When to Seek Help for Anxiety

Final exams, job interviews, public presentations, athletic performances. These events can make anyone anxious for a short time and, in fact, a certain level of anxiety helps us perform better by making us more alert and focused on our task. However, for some individuals, anxiety is a way of life and can be debilitating.

Anxiety

Anxiety is a normal, healthy human emotion. During appropriate times, anxiety prepares us to prevent or avoid a dangerous situation and heightens our arousal.

Experts at the Betty Hardwick Center, a community mental health center, say anxiety is a secondary emotion. Unlike happiness or fear, which are primary emotions and easy to distinguish in others, anxiety is not readily recognizable to outside observers; it's an internal, private experience. Anxiety and fear are closely related emotions. The difference is that fear is a response to a real and current danger, while anxiety is the anticipation of a potential threat that may or may not occur in the future.

Anxiety Disorders

Anxiety disorders are common. According to the National Institute of Mental Health (NIMH), almost 7 million American adults experience generalized anxiety disorder, or GAD. Individuals who struggle with GAD worry excessively when there is little or no reason to worry, and often have trouble concentrating, relaxing, or controlling their worrisome thoughts. Their anxiety may manifest in physical symptoms, such as unexplained aches and pains or trouble sleeping. Just getting through the day can produce a high level of anxiety.

What's Normal?

So how do you recognize if your anxiety is normal or cause for concern?

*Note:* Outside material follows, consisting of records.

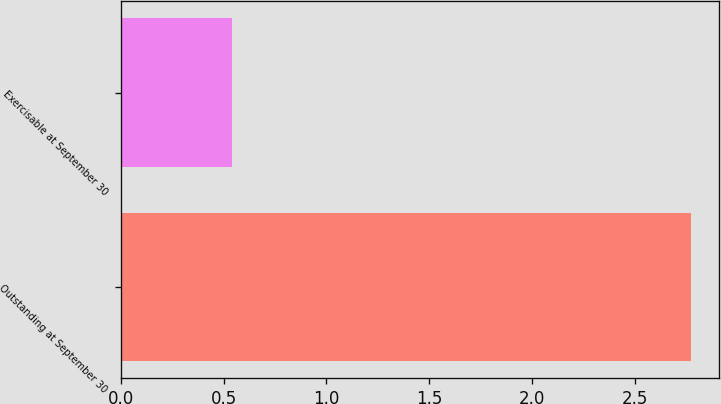Convert chart to OTSL. <chart><loc_0><loc_0><loc_500><loc_500><bar_chart><fcel>Outstanding at September 30<fcel>Exercisable at September 30<nl><fcel>2.77<fcel>0.54<nl></chart> 
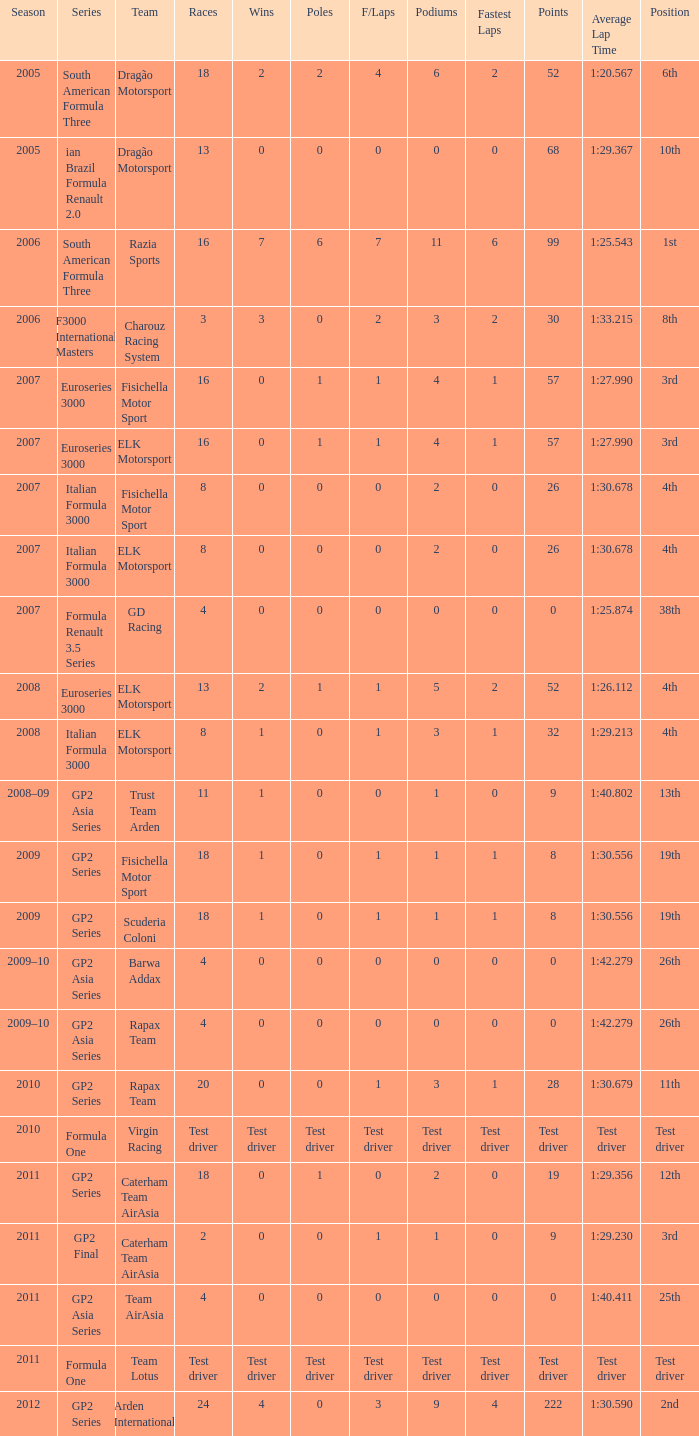Parse the table in full. {'header': ['Season', 'Series', 'Team', 'Races', 'Wins', 'Poles', 'F/Laps', 'Podiums', 'Fastest Laps', 'Points', 'Average Lap Time', 'Position'], 'rows': [['2005', 'South American Formula Three', 'Dragão Motorsport', '18', '2', '2', '4', '6', '2', '52', '1:20.567', '6th'], ['2005', 'ian Brazil Formula Renault 2.0', 'Dragão Motorsport', '13', '0', '0', '0', '0', '0', '68', '1:29.367', '10th'], ['2006', 'South American Formula Three', 'Razia Sports', '16', '7', '6', '7', '11', '6', '99', '1:25.543', '1st'], ['2006', 'F3000 International Masters', 'Charouz Racing System', '3', '3', '0', '2', '3', '2', '30', '1:33.215', '8th'], ['2007', 'Euroseries 3000', 'Fisichella Motor Sport', '16', '0', '1', '1', '4', '1', '57', '1:27.990', '3rd'], ['2007', 'Euroseries 3000', 'ELK Motorsport', '16', '0', '1', '1', '4', '1', '57', '1:27.990', '3rd'], ['2007', 'Italian Formula 3000', 'Fisichella Motor Sport', '8', '0', '0', '0', '2', '0', '26', '1:30.678', '4th'], ['2007', 'Italian Formula 3000', 'ELK Motorsport', '8', '0', '0', '0', '2', '0', '26', '1:30.678', '4th'], ['2007', 'Formula Renault 3.5 Series', 'GD Racing', '4', '0', '0', '0', '0', '0', '0', '1:25.874', '38th'], ['2008', 'Euroseries 3000', 'ELK Motorsport', '13', '2', '1', '1', '5', '2', '52', '1:26.112', '4th'], ['2008', 'Italian Formula 3000', 'ELK Motorsport', '8', '1', '0', '1', '3', '1', '32', '1:29.213', '4th'], ['2008–09', 'GP2 Asia Series', 'Trust Team Arden', '11', '1', '0', '0', '1', '0', '9', '1:40.802', '13th'], ['2009', 'GP2 Series', 'Fisichella Motor Sport', '18', '1', '0', '1', '1', '1', '8', '1:30.556', '19th'], ['2009', 'GP2 Series', 'Scuderia Coloni', '18', '1', '0', '1', '1', '1', '8', '1:30.556', '19th'], ['2009–10', 'GP2 Asia Series', 'Barwa Addax', '4', '0', '0', '0', '0', '0', '0', '1:42.279', '26th'], ['2009–10', 'GP2 Asia Series', 'Rapax Team', '4', '0', '0', '0', '0', '0', '0', '1:42.279', '26th'], ['2010', 'GP2 Series', 'Rapax Team', '20', '0', '0', '1', '3', '1', '28', '1:30.679', '11th'], ['2010', 'Formula One', 'Virgin Racing', 'Test driver', 'Test driver', 'Test driver', 'Test driver', 'Test driver', 'Test driver', 'Test driver', 'Test driver', 'Test driver'], ['2011', 'GP2 Series', 'Caterham Team AirAsia', '18', '0', '1', '0', '2', '0', '19', '1:29.356', '12th'], ['2011', 'GP2 Final', 'Caterham Team AirAsia', '2', '0', '0', '1', '1', '0', '9', '1:29.230', '3rd'], ['2011', 'GP2 Asia Series', 'Team AirAsia', '4', '0', '0', '0', '0', '0', '0', '1:40.411', '25th'], ['2011', 'Formula One', 'Team Lotus', 'Test driver', 'Test driver', 'Test driver', 'Test driver', 'Test driver', 'Test driver', 'Test driver', 'Test driver', 'Test driver'], ['2012', 'GP2 Series', 'Arden International', '24', '4', '0', '3', '9', '4', '222', '1:30.590', '2nd']]} What were the points in the year when his Podiums were 5? 52.0. 
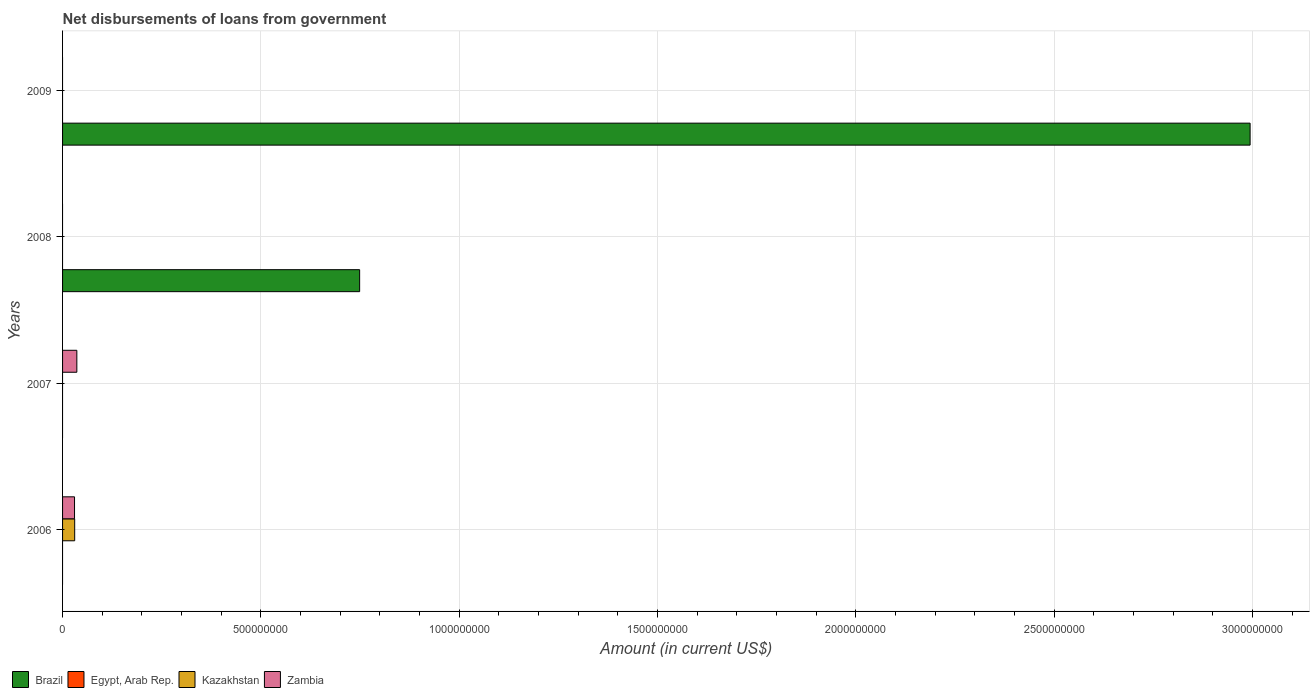Are the number of bars per tick equal to the number of legend labels?
Ensure brevity in your answer.  No. Are the number of bars on each tick of the Y-axis equal?
Keep it short and to the point. No. How many bars are there on the 1st tick from the top?
Provide a succinct answer. 1. What is the label of the 4th group of bars from the top?
Your response must be concise. 2006. In how many cases, is the number of bars for a given year not equal to the number of legend labels?
Ensure brevity in your answer.  4. Across all years, what is the maximum amount of loan disbursed from government in Zambia?
Ensure brevity in your answer.  3.60e+07. Across all years, what is the minimum amount of loan disbursed from government in Zambia?
Offer a very short reply. 0. In which year was the amount of loan disbursed from government in Zambia maximum?
Ensure brevity in your answer.  2007. What is the difference between the amount of loan disbursed from government in Brazil in 2008 and that in 2009?
Keep it short and to the point. -2.24e+09. What is the difference between the amount of loan disbursed from government in Kazakhstan in 2009 and the amount of loan disbursed from government in Brazil in 2008?
Make the answer very short. -7.49e+08. What is the average amount of loan disbursed from government in Zambia per year?
Provide a succinct answer. 1.65e+07. What is the ratio of the amount of loan disbursed from government in Brazil in 2008 to that in 2009?
Give a very brief answer. 0.25. What is the difference between the highest and the lowest amount of loan disbursed from government in Kazakhstan?
Your response must be concise. 3.06e+07. Is it the case that in every year, the sum of the amount of loan disbursed from government in Zambia and amount of loan disbursed from government in Brazil is greater than the amount of loan disbursed from government in Egypt, Arab Rep.?
Make the answer very short. Yes. Does the graph contain any zero values?
Offer a terse response. Yes. How are the legend labels stacked?
Your response must be concise. Horizontal. What is the title of the graph?
Your answer should be compact. Net disbursements of loans from government. Does "Albania" appear as one of the legend labels in the graph?
Make the answer very short. No. What is the label or title of the Y-axis?
Your answer should be compact. Years. What is the Amount (in current US$) in Egypt, Arab Rep. in 2006?
Provide a short and direct response. 0. What is the Amount (in current US$) in Kazakhstan in 2006?
Your answer should be compact. 3.06e+07. What is the Amount (in current US$) of Zambia in 2006?
Your answer should be very brief. 3.02e+07. What is the Amount (in current US$) in Egypt, Arab Rep. in 2007?
Your response must be concise. 0. What is the Amount (in current US$) in Kazakhstan in 2007?
Your answer should be compact. 0. What is the Amount (in current US$) in Zambia in 2007?
Ensure brevity in your answer.  3.60e+07. What is the Amount (in current US$) of Brazil in 2008?
Your answer should be very brief. 7.49e+08. What is the Amount (in current US$) of Egypt, Arab Rep. in 2008?
Provide a short and direct response. 0. What is the Amount (in current US$) in Kazakhstan in 2008?
Your answer should be very brief. 0. What is the Amount (in current US$) of Zambia in 2008?
Provide a short and direct response. 0. What is the Amount (in current US$) of Brazil in 2009?
Offer a very short reply. 2.99e+09. What is the Amount (in current US$) in Kazakhstan in 2009?
Offer a terse response. 0. Across all years, what is the maximum Amount (in current US$) in Brazil?
Offer a very short reply. 2.99e+09. Across all years, what is the maximum Amount (in current US$) of Kazakhstan?
Offer a very short reply. 3.06e+07. Across all years, what is the maximum Amount (in current US$) in Zambia?
Ensure brevity in your answer.  3.60e+07. Across all years, what is the minimum Amount (in current US$) in Brazil?
Keep it short and to the point. 0. Across all years, what is the minimum Amount (in current US$) of Zambia?
Offer a very short reply. 0. What is the total Amount (in current US$) in Brazil in the graph?
Make the answer very short. 3.74e+09. What is the total Amount (in current US$) in Egypt, Arab Rep. in the graph?
Provide a short and direct response. 0. What is the total Amount (in current US$) in Kazakhstan in the graph?
Offer a very short reply. 3.06e+07. What is the total Amount (in current US$) of Zambia in the graph?
Your answer should be compact. 6.62e+07. What is the difference between the Amount (in current US$) of Zambia in 2006 and that in 2007?
Offer a very short reply. -5.82e+06. What is the difference between the Amount (in current US$) of Brazil in 2008 and that in 2009?
Make the answer very short. -2.24e+09. What is the difference between the Amount (in current US$) in Kazakhstan in 2006 and the Amount (in current US$) in Zambia in 2007?
Provide a succinct answer. -5.45e+06. What is the average Amount (in current US$) of Brazil per year?
Offer a very short reply. 9.36e+08. What is the average Amount (in current US$) in Kazakhstan per year?
Your response must be concise. 7.64e+06. What is the average Amount (in current US$) in Zambia per year?
Provide a succinct answer. 1.65e+07. In the year 2006, what is the difference between the Amount (in current US$) in Kazakhstan and Amount (in current US$) in Zambia?
Your answer should be very brief. 3.71e+05. What is the ratio of the Amount (in current US$) in Zambia in 2006 to that in 2007?
Give a very brief answer. 0.84. What is the ratio of the Amount (in current US$) in Brazil in 2008 to that in 2009?
Keep it short and to the point. 0.25. What is the difference between the highest and the lowest Amount (in current US$) of Brazil?
Provide a succinct answer. 2.99e+09. What is the difference between the highest and the lowest Amount (in current US$) of Kazakhstan?
Your answer should be compact. 3.06e+07. What is the difference between the highest and the lowest Amount (in current US$) of Zambia?
Give a very brief answer. 3.60e+07. 
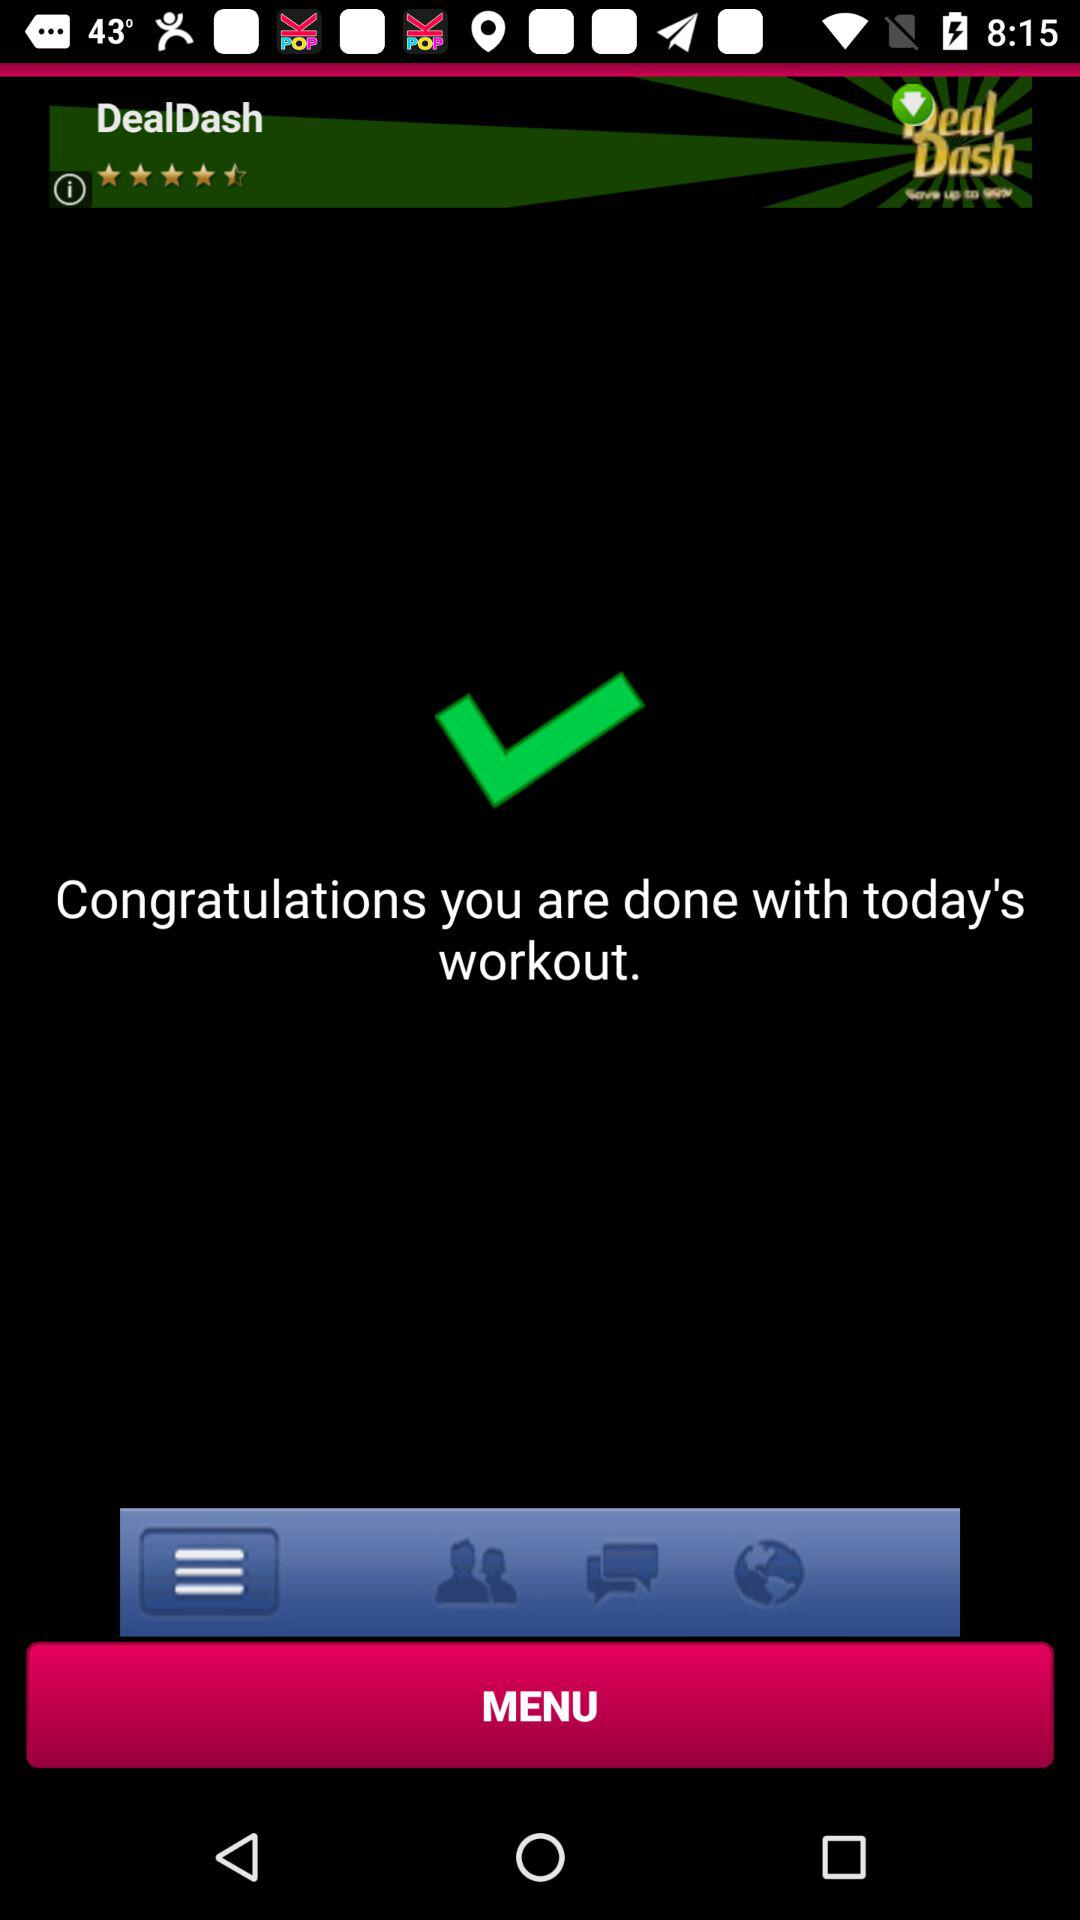What is the rating for "DealDash"? The rating is 4.5 stars. 
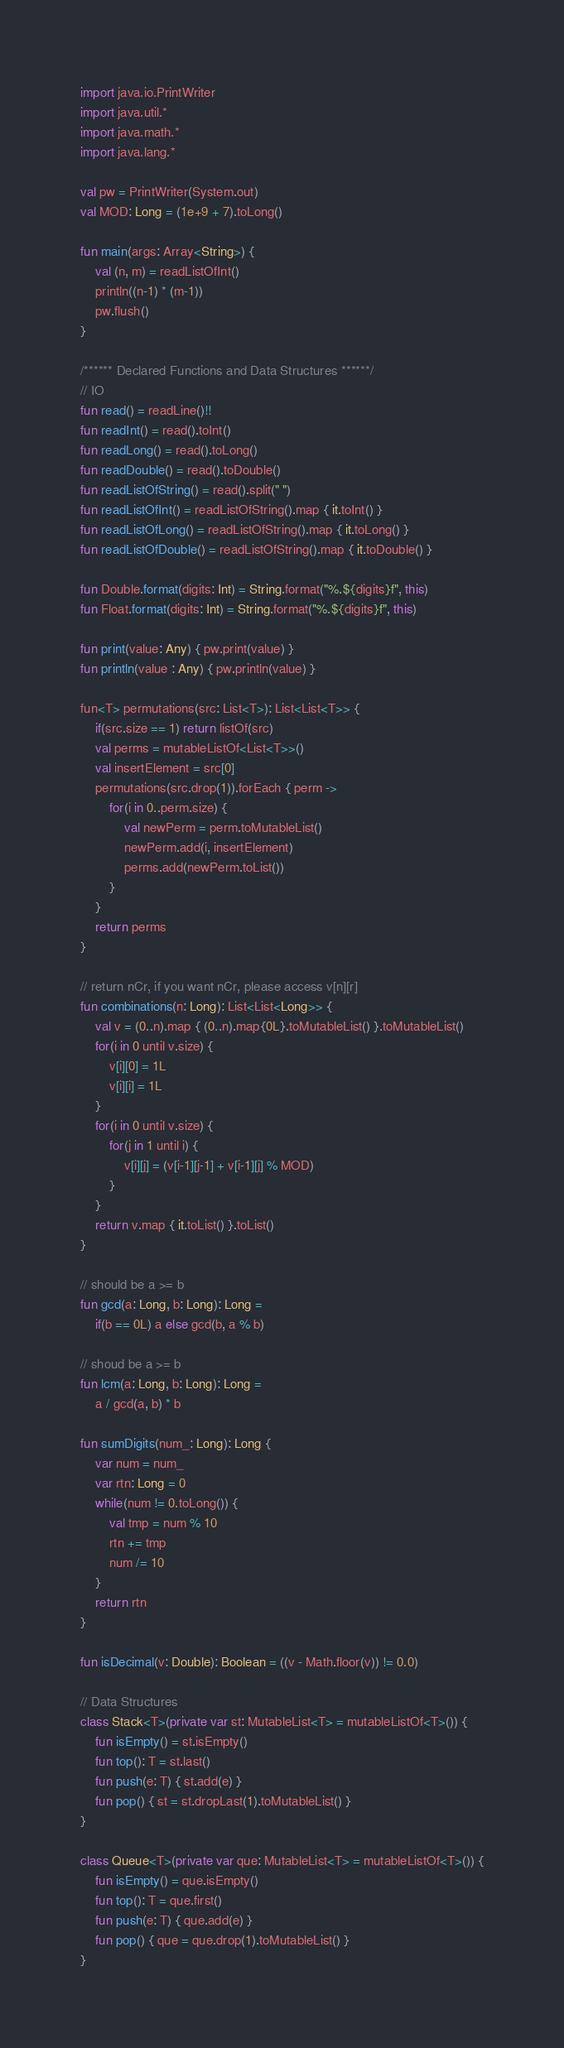<code> <loc_0><loc_0><loc_500><loc_500><_Kotlin_>import java.io.PrintWriter
import java.util.*
import java.math.*
import java.lang.*

val pw = PrintWriter(System.out)
val MOD: Long = (1e+9 + 7).toLong()

fun main(args: Array<String>) {
    val (n, m) = readListOfInt() 
    println((n-1) * (m-1))
    pw.flush()
}

/****** Declared Functions and Data Structures ******/
// IO
fun read() = readLine()!!
fun readInt() = read().toInt()
fun readLong() = read().toLong()
fun readDouble() = read().toDouble()
fun readListOfString() = read().split(" ")
fun readListOfInt() = readListOfString().map { it.toInt() }
fun readListOfLong() = readListOfString().map { it.toLong() }
fun readListOfDouble() = readListOfString().map { it.toDouble() }

fun Double.format(digits: Int) = String.format("%.${digits}f", this)
fun Float.format(digits: Int) = String.format("%.${digits}f", this)

fun print(value: Any) { pw.print(value) }
fun println(value : Any) { pw.println(value) }

fun<T> permutations(src: List<T>): List<List<T>> {
    if(src.size == 1) return listOf(src)
    val perms = mutableListOf<List<T>>()
    val insertElement = src[0]
    permutations(src.drop(1)).forEach { perm ->
        for(i in 0..perm.size) {
            val newPerm = perm.toMutableList()
            newPerm.add(i, insertElement)
            perms.add(newPerm.toList())
        }
    }
    return perms
}

// return nCr, if you want nCr, please access v[n][r]
fun combinations(n: Long): List<List<Long>> {
    val v = (0..n).map { (0..n).map{0L}.toMutableList() }.toMutableList()
    for(i in 0 until v.size) {
        v[i][0] = 1L
        v[i][i] = 1L
    }
    for(i in 0 until v.size) {
        for(j in 1 until i) {
            v[i][j] = (v[i-1][j-1] + v[i-1][j] % MOD)
        }
    }
    return v.map { it.toList() }.toList()
}

// should be a >= b
fun gcd(a: Long, b: Long): Long = 
    if(b == 0L) a else gcd(b, a % b)

// shoud be a >= b
fun lcm(a: Long, b: Long): Long = 
    a / gcd(a, b) * b

fun sumDigits(num_: Long): Long {
    var num = num_
    var rtn: Long = 0
    while(num != 0.toLong()) {
        val tmp = num % 10
        rtn += tmp
        num /= 10
    }
    return rtn
}

fun isDecimal(v: Double): Boolean = ((v - Math.floor(v)) != 0.0)

// Data Structures
class Stack<T>(private var st: MutableList<T> = mutableListOf<T>()) {
    fun isEmpty() = st.isEmpty()
    fun top(): T = st.last()
    fun push(e: T) { st.add(e) }
    fun pop() { st = st.dropLast(1).toMutableList() }
}

class Queue<T>(private var que: MutableList<T> = mutableListOf<T>()) {
    fun isEmpty() = que.isEmpty()
    fun top(): T = que.first()
    fun push(e: T) { que.add(e) }
    fun pop() { que = que.drop(1).toMutableList() }
}
</code>

Three factors help distinguish between normal, adaptive anxiety and abnormal, pathological anxiety: duration, intensity, and frequency. If your anxiety is ongoing, occurs frequently, or is unusually intense, you probably should seek professional help. Put more simply, if anxiety interferes in your daily functioning and causes you distress, it's time to consider help.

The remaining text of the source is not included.